Professors Goodwin Liu (Boalt Hall), Pamela Karlan (Stanford), and Christopher Schroeder (Duke) just published Keeping Faith with the Constitution, which they claim is a bold challenge to originalism (in all its stripes), on the one hand, and to "living constitutionalism," on the other, and a clear argument for a richer approach they call "constitutional fidelity." The book is one of a pair just released by the American Constitution Society. (The other is a collection of works on constitutional interpretation titled It is a Constitution We are Expounding.) You can download a full copy on the ACS site, here.
An announcement and commentary has been posted to the Constitutional Law Profs Blog.
My comments are as follows:
While the two books, especially Keeping Faith with the Constitution, seem sound at a certain level of abstraction, and claim to reject the "living Constitution" approach to constitutional construction, when they get to the details they largely embrace that approach, and accept what some historians would regard as departures from constitutional fidelity as better "understandings" of it.
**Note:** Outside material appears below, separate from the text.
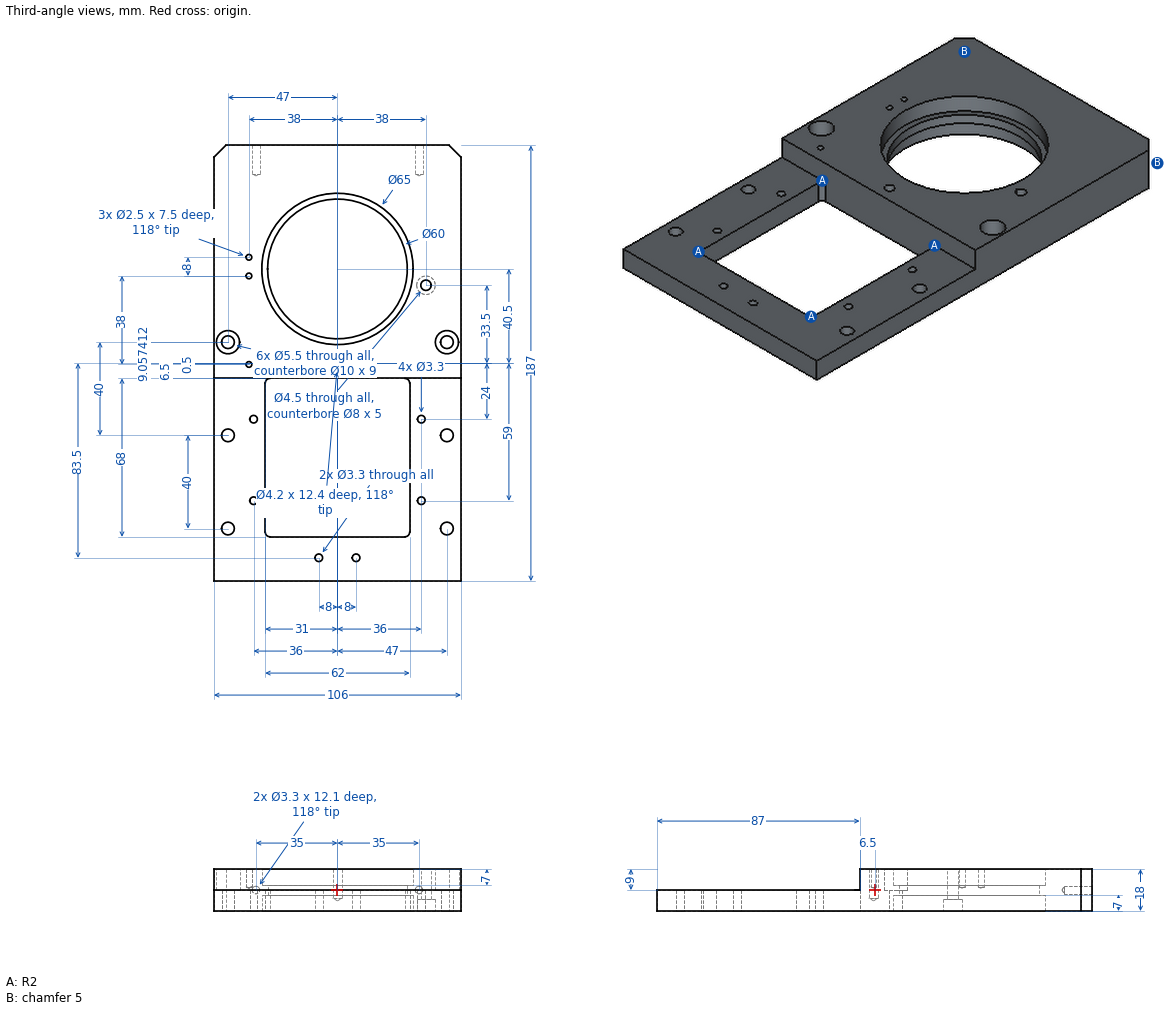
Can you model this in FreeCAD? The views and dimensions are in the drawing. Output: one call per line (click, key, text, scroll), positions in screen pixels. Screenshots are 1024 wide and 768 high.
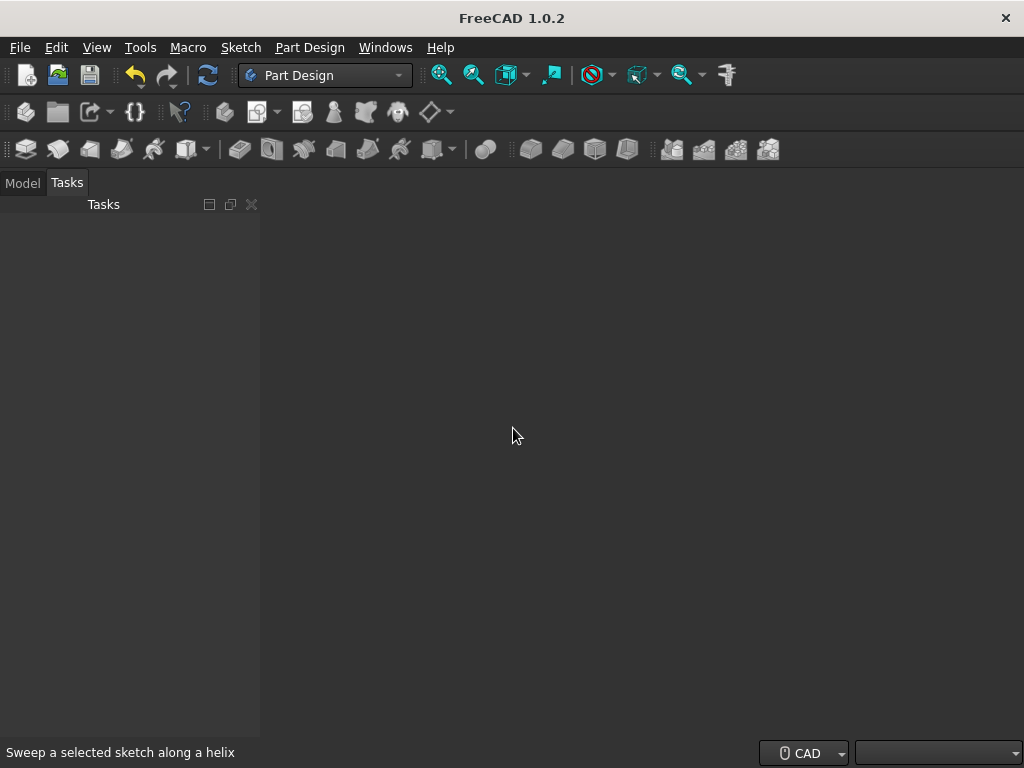
click(26, 76)
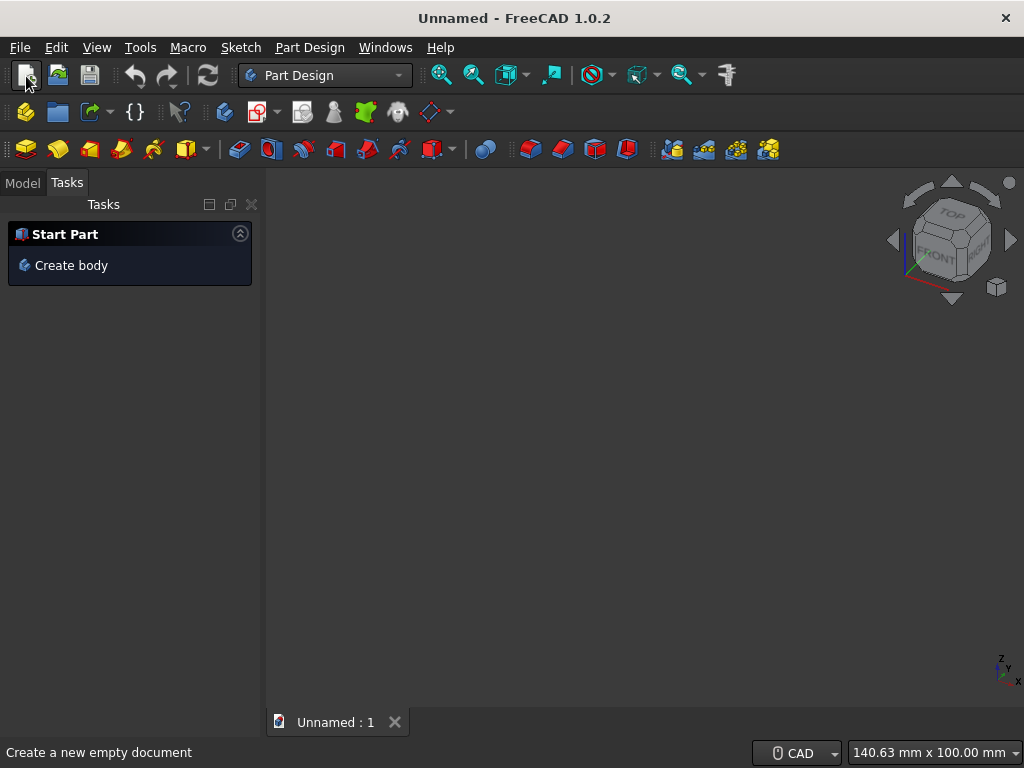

That is especially brought out in their treatment and acceptance of broad interpretation of the Commerce and Necessary and Proper clauses.
I bring out some of this in my article, Principles of Constitutional Construction, in which I point out that "strict" construction properly means narrow interpretation of government powers and broad interpretation of individual rights (or more precisely, immunities). As I also discuss in my article, Presumption of Nonauthority and Unenumerated Rights, there is a fundamental right to a presumption of nonauthority that invalidates such doctrines as deference to a legislature or to administrative agents.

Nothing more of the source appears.